Computer system 900 may be accessed through a user interface. The user interface application may be implemented using any suitable architecture. For example, it may be a stand-alone application wholly implemented on computer system 900. The user interfaces application and/or any instructions for performing any of the embodiments discussed herein may be encoded on computer-readable media. Computer-readable media includes any media capable of storing data. In some examples, the user interface application is a client-server based application. Data for use by a thick or thin client implemented on electronic device computer system 900 is retrieved on-demand by issuing requests to a server remote to the computer system 900. For example, computing device 900 may receive inputs from the user via an input interface and transmit those inputs to the remote server for processing and generating the corresponding outputs. The generated output is then transmitted to computer device 900 for presentation to the user.

In some aspects, the techniques described herein relate to a redundant braking system for a remotely piloted vehicle, the system including: a local computing unit configured, at a vehicle, to receive sync data regularly from a main computing unit; receive a heartbeat signal through a communication network from a remote pilot control unit; determine network failure if the heartbeat signal is not received for more than a threshold period of time; and issue a braking command; and an arrangement configured to control the vehicle based on the braking command received from the local computing unit.

In some aspects, the techniques described herein relate to a redundant braking system for a remotely piloted vehicle, the system including: a local computing unit configured, at a vehicle, to receive sync data regularly from a main computing unit; receive a heartbeat signal through a communication network from a remote pilot control unit; determine network failure if the heartbeat signal is not received for more than a threshold period of time; and issue a braking command; and an electromechanical arrangement configured to actuate a brake pedal of the vehicle based on the braking command received from the local computing unit.

In some aspects, the techniques described herein relate to a redundant braking system, wherein the braking command includes any combination of brake time indicator, brake power indicator, or a safety decision matrix.

In some aspects, the techniques described herein relate to a redundant braking system, wherein the braking command is issued based on analysis of the sync data received immediately prior to the network failure.

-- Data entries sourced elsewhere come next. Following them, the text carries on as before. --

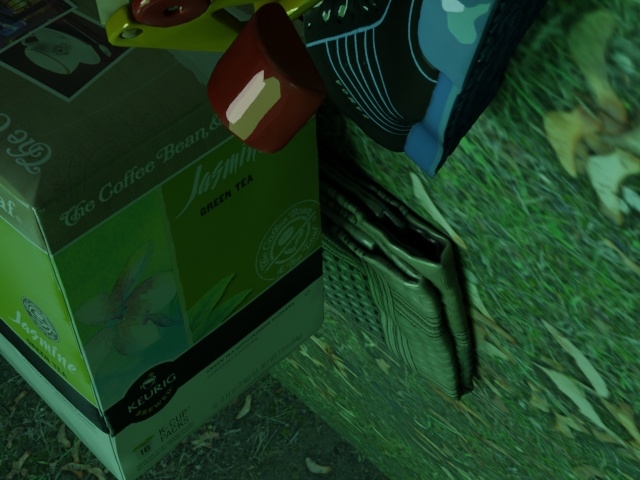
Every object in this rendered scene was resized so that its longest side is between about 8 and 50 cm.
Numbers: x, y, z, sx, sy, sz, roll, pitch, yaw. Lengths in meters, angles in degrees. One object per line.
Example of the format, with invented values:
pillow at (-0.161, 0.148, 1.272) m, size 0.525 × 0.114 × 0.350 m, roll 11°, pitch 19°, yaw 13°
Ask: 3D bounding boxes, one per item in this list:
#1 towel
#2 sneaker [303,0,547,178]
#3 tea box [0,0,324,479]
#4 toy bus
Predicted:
towel at (0.000, 0.000, 0.999) m, size 0.312 × 0.056 × 0.324 m, roll 39°, pitch 167°, yaw 25°
sneaker at (0.036, -0.092, 0.487) m, size 0.090 × 0.081 × 0.232 m, roll 36°, pitch 169°, yaw 6°
tea box at (-0.184, -0.061, 0.843) m, size 0.329 × 0.220 × 0.324 m, roll 39°, pitch 152°, yaw 28°
toy bus at (0.000, -0.142, 0.378) m, size 0.104 × 0.191 × 0.202 m, roll -6°, pitch -148°, yaw -43°
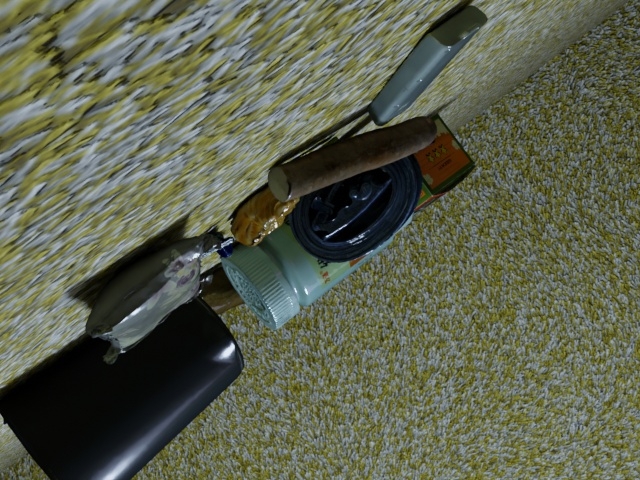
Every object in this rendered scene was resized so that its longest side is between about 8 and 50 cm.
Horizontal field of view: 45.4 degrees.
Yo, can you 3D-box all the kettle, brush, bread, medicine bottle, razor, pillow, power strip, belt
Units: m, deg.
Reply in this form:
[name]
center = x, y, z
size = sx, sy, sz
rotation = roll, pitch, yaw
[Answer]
[kettle]
center = -0.284, 0.234, 1.138
size = 0.308, 0.203, 0.262
rotation = -39, 167, -28
[brush]
center = -0.007, -0.096, 0.894
size = 0.083, 0.021, 0.018
rotation = -35, -177, -38
[bread]
center = -0.067, -0.035, 0.945
size = 0.083, 0.044, 0.110
rotation = -37, 176, -30
[medicine bottle]
center = 0.000, 0.000, 1.324
size = 0.318, 0.158, 0.158
rotation = -36, 178, -18
[razor]
center = -0.130, 0.005, 0.993
size = 0.044, 0.028, 0.154
rotation = -29, 177, -3
[pillow]
center = -0.185, 0.057, 0.836
size = 0.169, 0.059, 0.255
rotation = -37, 177, -16
[power strip]
center = 0.104, -0.178, 0.821
size = 0.060, 0.027, 0.252
rotation = -37, 179, -18
[belt]
center = 0.048, -0.058, 1.012
size = 0.190, 0.141, 0.082
rotation = -38, 180, 17

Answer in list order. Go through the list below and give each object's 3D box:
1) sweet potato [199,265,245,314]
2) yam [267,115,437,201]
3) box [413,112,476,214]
[sweet potato]
center = -0.175, 0.076, 1.395
size = 0.285, 0.085, 0.112
rotation = -22, 135, -39
[yam]
center = 0.048, -0.102, 0.896
size = 0.264, 0.046, 0.046
rotation = -25, 171, -38
[box]
center = 0.181, -0.131, 1.582
size = 0.177, 0.148, 0.195
rotation = -33, 176, -42
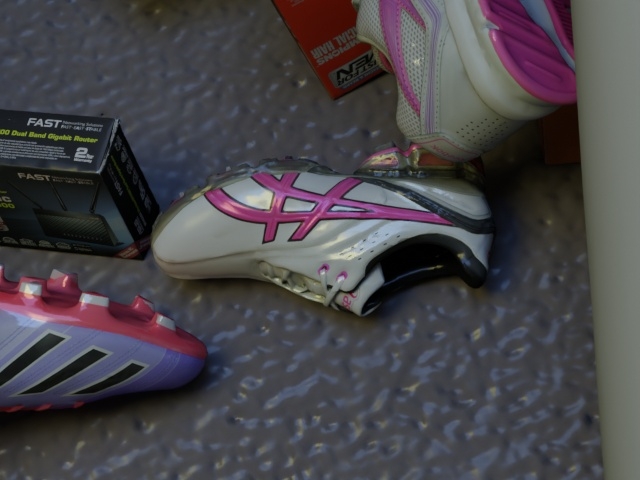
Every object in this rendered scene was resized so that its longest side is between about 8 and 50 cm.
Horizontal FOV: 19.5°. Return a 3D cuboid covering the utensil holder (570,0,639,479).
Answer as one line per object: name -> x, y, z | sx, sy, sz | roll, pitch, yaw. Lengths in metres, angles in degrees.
utensil holder -> 0.267, -0.003, 0.772 | 0.327, 0.327, 0.385 | -4, 67, 10

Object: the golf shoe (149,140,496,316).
golf shoe -> 0.000, 0.000, 0.992 | 0.186, 0.067, 0.086 | -10, 59, 6

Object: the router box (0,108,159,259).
router box -> -0.159, -0.032, 1.031 | 0.122, 0.092, 0.038 | 5, 60, 15

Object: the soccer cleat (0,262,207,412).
soccer cleat -> -0.182, 0.059, 0.957 | 0.248, 0.083, 0.095 | 11, 95, -22

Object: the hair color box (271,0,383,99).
hair color box -> -0.015, -0.163, 1.034 | 0.053, 0.167, 0.093 | -31, 56, 4

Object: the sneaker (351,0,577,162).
sneaker -> 0.063, -0.146, 0.989 | 0.111, 0.103, 0.252 | -41, 39, 36

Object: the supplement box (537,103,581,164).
supplement box -> 0.154, -0.160, 1.054 | 0.078, 0.080, 0.233 | -4, 59, 8
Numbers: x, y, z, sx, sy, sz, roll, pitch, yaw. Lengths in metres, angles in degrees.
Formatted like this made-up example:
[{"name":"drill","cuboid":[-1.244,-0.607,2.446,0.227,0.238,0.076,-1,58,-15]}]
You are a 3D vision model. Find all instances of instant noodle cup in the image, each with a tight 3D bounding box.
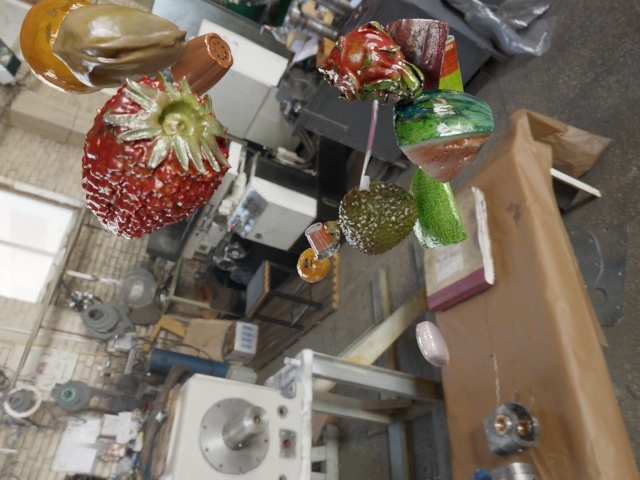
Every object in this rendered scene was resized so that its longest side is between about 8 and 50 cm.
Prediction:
[{"name":"instant noodle cup","cuboid":[0.001,-0.001,2.123,0.127,0.136,0.127,-28,21,12]},{"name":"instant noodle cup","cuboid":[0.456,-0.669,1.995,0.294,0.293,0.308,-114,7,-60]}]

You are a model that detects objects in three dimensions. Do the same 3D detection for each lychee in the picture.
[{"name":"lychee","cuboid":[0.180,-0.076,1.656,0.320,0.270,0.270,5,77,49]}]

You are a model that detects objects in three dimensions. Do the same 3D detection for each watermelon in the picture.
[{"name":"watermelon","cuboid":[0.351,-0.314,1.277,0.222,0.319,0.292,-18,55,33]}]

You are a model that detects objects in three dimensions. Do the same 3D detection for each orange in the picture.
[{"name":"orange","cuboid":[-0.822,-0.647,1.594,0.312,0.312,0.312,-50,31,44]},{"name":"orange","cuboid":[-0.035,0.123,2.388,0.177,0.155,0.178,-37,44,48]}]

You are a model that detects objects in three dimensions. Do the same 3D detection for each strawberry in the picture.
[{"name":"strawberry","cuboid":[-0.351,-0.164,0.996,0.343,0.292,0.292,-29,46,44]}]

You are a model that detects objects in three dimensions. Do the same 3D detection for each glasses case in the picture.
[{"name":"glasses case","cuboid":[0.361,0.336,1.531,0.075,0.297,0.113,-21,63,13]}]

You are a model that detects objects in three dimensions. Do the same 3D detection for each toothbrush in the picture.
[{"name":"toothbrush","cuboid":[0.145,-0.277,1.376,0.020,0.025,0.287,44,-127,-65]}]

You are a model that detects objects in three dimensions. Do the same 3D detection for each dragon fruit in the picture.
[{"name":"dragon fruit","cuboid":[0.127,-0.430,1.242,0.200,0.198,0.269,-42,71,20]}]

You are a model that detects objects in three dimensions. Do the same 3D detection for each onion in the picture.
[{"name":"onion","cuboid":[0.262,-0.533,1.525,0.314,0.280,0.146,81,-172,-62]}]

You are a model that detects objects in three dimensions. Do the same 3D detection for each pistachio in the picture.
[{"name":"pistachio","cuboid":[-0.416,-0.411,1.011,0.212,0.260,0.163,25,125,32]}]

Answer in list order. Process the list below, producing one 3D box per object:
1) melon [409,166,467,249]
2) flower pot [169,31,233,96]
[{"name":"melon","cuboid":[0.402,-0.140,1.691,0.196,0.124,0.324,-15,91,47]},{"name":"flower pot","cuboid":[-0.405,-0.625,1.665,0.173,0.190,0.191,-20,51,31]}]

In some aspects, the techniques described herein relate to a redundant braking system, wherein the sync data includes any or combination of environmental data collected from onboard sensors of the vehicle and instructions received from the remote pilot control unit.

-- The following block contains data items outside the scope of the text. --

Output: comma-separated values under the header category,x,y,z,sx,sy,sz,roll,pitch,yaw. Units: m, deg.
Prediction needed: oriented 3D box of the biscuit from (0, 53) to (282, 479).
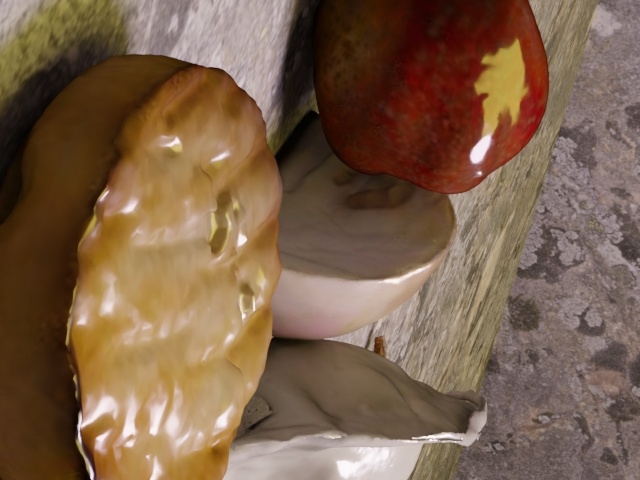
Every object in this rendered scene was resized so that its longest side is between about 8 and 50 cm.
category,x,y,z,sx,sy,sz,roll,pitch,yaw
biscuit,-0.113,0.036,1.042,0.296,0.102,0.296,7,90,-69

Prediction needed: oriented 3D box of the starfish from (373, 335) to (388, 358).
category,x,y,z,sx,sy,sz,roll,pitch,yaw
starfish,0.042,0.239,2.344,0.227,0.043,0.240,-61,170,-23

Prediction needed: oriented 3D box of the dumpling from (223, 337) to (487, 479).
category,x,y,z,sx,sy,sz,roll,pitch,yaw
dumpling,0.011,0.165,1.548,0.341,0.260,0.181,55,29,-61

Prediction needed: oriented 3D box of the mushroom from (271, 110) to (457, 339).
category,x,y,z,sx,sy,sz,roll,pitch,yaw
mushroom,0.021,0.018,1.541,0.236,0.173,0.162,-57,166,-45

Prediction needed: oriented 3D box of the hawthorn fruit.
category,x,y,z,sx,sy,sz,roll,pitch,yaw
hawthorn fruit,0.096,-0.169,1.459,0.208,0.208,0.248,-53,159,-51
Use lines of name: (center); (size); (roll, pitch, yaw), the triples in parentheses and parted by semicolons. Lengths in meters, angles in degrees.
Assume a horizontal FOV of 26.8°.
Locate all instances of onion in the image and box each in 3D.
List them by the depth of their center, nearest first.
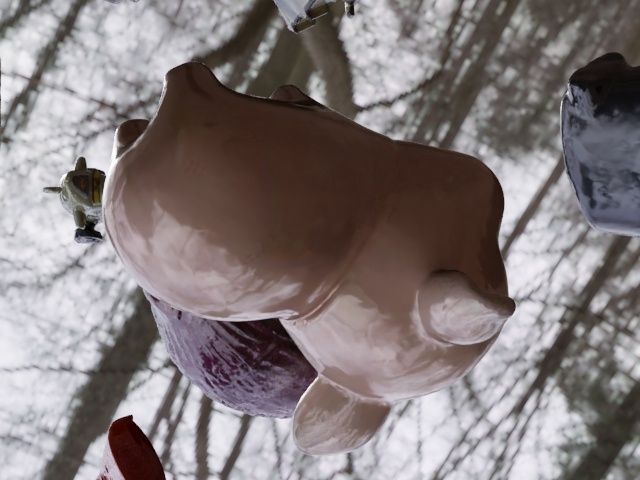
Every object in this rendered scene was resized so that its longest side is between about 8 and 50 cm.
onion: (-0.126, 0.104, 1.631); (0.349, 0.159, 0.267); (27, -170, -33)

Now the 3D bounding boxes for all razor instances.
razor: (0.399, -0.076, 1.273); (0.349, 0.204, 0.113); (11, -140, 40)

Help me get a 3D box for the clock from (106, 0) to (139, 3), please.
clock: (-0.244, -0.305, 1.465); (0.087, 0.041, 0.129); (8, -141, -55)

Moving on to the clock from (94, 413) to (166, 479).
clock: (-0.224, 0.285, 1.560); (0.061, 0.155, 0.113); (-18, -117, -27)

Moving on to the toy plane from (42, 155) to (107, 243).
toy plane: (-0.242, -0.037, 1.673); (0.108, 0.092, 0.286); (-5, 165, 14)

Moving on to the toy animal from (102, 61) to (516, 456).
toy animal: (0.000, 0.000, 1.004); (0.326, 0.237, 0.269); (0, -122, -42)

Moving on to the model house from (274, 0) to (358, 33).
model house: (0.004, -0.389, 1.515); (0.206, 0.178, 0.271); (-31, -94, -26)
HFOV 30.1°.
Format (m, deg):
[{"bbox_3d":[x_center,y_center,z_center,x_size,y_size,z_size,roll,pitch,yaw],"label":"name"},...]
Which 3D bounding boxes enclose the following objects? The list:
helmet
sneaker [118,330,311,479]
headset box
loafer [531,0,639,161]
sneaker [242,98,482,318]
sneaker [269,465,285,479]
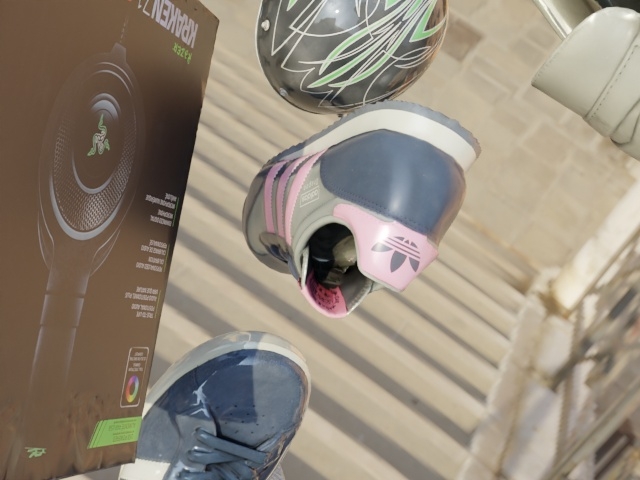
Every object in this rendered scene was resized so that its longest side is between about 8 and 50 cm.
[{"bbox_3d":[0.027,-0.191,1.023,0.169,0.169,0.161,21,30,-15],"label":"helmet"},{"bbox_3d":[-0.109,0.232,0.914,0.131,0.350,0.148,23,22,-24],"label":"sneaker"},{"bbox_3d":[-0.172,-0.012,0.578,0.131,0.283,0.246,10,-4,15],"label":"headset box"},{"bbox_3d":[0.151,-0.084,0.545,0.111,0.112,0.319,-24,75,-9],"label":"loafer"},{"bbox_3d":[0.000,0.000,0.902,0.112,0.319,0.131,26,69,-13],"label":"sneaker"},{"bbox_3d":[-0.082,0.191,1.031,0.134,0.070,0.051,63,21,12],"label":"sneaker"}]
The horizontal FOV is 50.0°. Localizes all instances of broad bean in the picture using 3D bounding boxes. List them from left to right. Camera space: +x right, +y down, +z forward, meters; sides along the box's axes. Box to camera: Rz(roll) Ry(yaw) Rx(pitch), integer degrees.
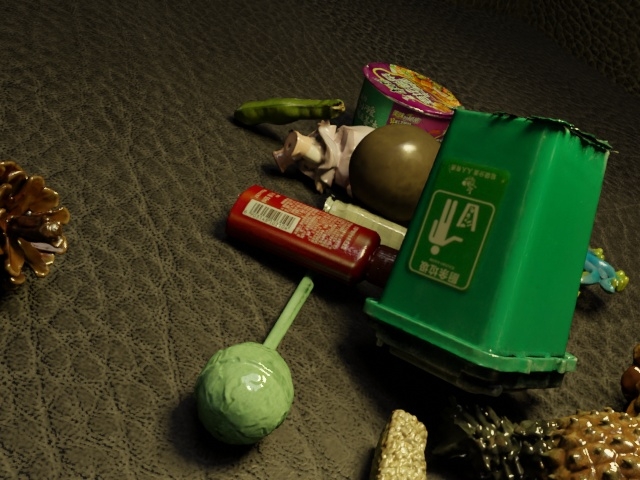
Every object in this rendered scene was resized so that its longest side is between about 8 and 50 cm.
[{"bbox_3d":[-0.068,-0.279,1.456,0.318,0.056,0.098,3,-2,43],"label":"broad bean"}]

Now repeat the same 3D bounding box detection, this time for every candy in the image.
[{"bbox_3d":[-0.061,0.127,0.976,0.119,0.119,0.440,24,25,2],"label":"candy"}]

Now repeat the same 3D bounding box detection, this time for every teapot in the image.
[{"bbox_3d":[0.093,-0.015,1.280,0.200,0.077,0.107,25,8,2],"label":"teapot"}]

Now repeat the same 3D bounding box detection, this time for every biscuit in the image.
[{"bbox_3d":[0.094,0.287,0.833,0.070,0.082,0.168,23,32,-4],"label":"biscuit"}]

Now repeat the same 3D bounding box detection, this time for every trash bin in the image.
[{"bbox_3d":[0.271,0.018,1.013,0.295,0.381,0.259,11,8,-44],"label":"trash bin"}]

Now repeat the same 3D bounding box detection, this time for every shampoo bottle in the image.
[{"bbox_3d":[-0.001,0.000,1.153,0.314,0.076,0.118,22,40,14],"label":"shampoo bottle"}]

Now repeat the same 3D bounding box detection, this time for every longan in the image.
[{"bbox_3d":[0.144,-0.128,1.296,0.198,0.198,0.212,50,7,36],"label":"longan"}]

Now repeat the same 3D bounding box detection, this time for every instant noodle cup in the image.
[{"bbox_3d":[0.179,-0.269,1.590,0.251,0.190,0.251,17,32,-11],"label":"instant noodle cup"}]

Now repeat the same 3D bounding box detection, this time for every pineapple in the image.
[{"bbox_3d":[0.327,0.295,0.891,0.362,0.202,0.202,18,30,18],"label":"pineapple"}]

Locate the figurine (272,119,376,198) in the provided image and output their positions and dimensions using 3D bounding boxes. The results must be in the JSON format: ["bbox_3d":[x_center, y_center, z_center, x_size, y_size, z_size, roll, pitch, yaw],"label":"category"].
[{"bbox_3d":[0.038,-0.177,1.422,0.276,0.133,0.200,0,45,-32],"label":"figurine"}]

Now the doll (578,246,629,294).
[{"bbox_3d":[0.470,0.026,1.444,0.341,0.098,0.346,-3,33,-49],"label":"doll"}]

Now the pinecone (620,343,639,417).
[{"bbox_3d":[0.597,0.240,1.072,0.264,0.264,0.264,16,33,-11],"label":"pinecone"}]

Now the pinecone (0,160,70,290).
[{"bbox_3d":[-0.421,-0.017,0.881,0.212,0.168,0.185,12,46,7],"label":"pinecone"}]

In some aspects, the techniques described herein relate to a system, wherein the local computing unit is configured to generate a steering command to steer the vehicle for safe maneuvering.

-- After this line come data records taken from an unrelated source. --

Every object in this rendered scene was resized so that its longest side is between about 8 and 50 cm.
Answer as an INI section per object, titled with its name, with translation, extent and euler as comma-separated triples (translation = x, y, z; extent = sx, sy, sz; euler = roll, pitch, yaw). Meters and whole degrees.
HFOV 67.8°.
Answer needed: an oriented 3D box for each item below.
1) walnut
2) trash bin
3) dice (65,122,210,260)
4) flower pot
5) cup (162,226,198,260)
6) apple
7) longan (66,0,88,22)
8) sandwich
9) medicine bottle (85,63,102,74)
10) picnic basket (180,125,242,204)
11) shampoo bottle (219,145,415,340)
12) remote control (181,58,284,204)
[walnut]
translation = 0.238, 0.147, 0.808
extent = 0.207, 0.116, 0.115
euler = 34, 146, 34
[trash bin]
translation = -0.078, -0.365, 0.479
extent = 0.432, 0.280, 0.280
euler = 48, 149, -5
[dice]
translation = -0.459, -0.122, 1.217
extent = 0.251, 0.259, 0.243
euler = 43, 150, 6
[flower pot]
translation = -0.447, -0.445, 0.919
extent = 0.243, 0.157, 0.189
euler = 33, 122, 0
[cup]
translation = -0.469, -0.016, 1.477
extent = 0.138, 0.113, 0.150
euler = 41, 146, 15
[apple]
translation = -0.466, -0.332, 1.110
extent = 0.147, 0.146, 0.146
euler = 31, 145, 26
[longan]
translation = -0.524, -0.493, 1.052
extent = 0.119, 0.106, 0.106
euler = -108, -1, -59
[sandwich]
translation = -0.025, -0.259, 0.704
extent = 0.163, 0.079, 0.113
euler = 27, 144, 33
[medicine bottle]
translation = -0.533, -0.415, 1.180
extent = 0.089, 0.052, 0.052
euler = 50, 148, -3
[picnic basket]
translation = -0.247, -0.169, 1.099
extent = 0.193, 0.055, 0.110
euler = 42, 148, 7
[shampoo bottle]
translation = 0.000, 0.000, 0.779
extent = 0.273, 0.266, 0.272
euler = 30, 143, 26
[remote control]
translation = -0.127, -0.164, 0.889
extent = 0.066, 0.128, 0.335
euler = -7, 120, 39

In some aspects, the techniques described herein relate to a redundant braking system, wherein the steering command is sent to an onboard vehicle control unit that controls and steers the vehicle for safe maneuvering.

In some aspects, the techniques described herein relate to a redundant braking system, wherein the steering command is generated based on analysis of the sync data received immediately prior to the network failure.

In some aspects, the techniques described herein relate to a redundant braking system, wherein the electromechanical arrangement includes a smart solenoid, an air compressor, a pressure tank, a pneumatic cylinder, and a link rod attached with the brake pedal, wherein the smart solenoid activates the pneumatic cylinder based on the braking command received from the first computer to causes the link rod to actuate the brake pedal.

In some aspects, the techniques described herein relate to a redundant braking system, wherein the electromechanical arrangement includes an electric actuator configured to receive the braking command and actuate the brake pedal based on the braking command.

In some aspects, the techniques described herein relate to a redundant braking system, wherein the electromechanical arrangement includes a pressure supply unit configured to control a hydraulic cylinder to actuate the brake pedal based on the braking command received from the local computing unit.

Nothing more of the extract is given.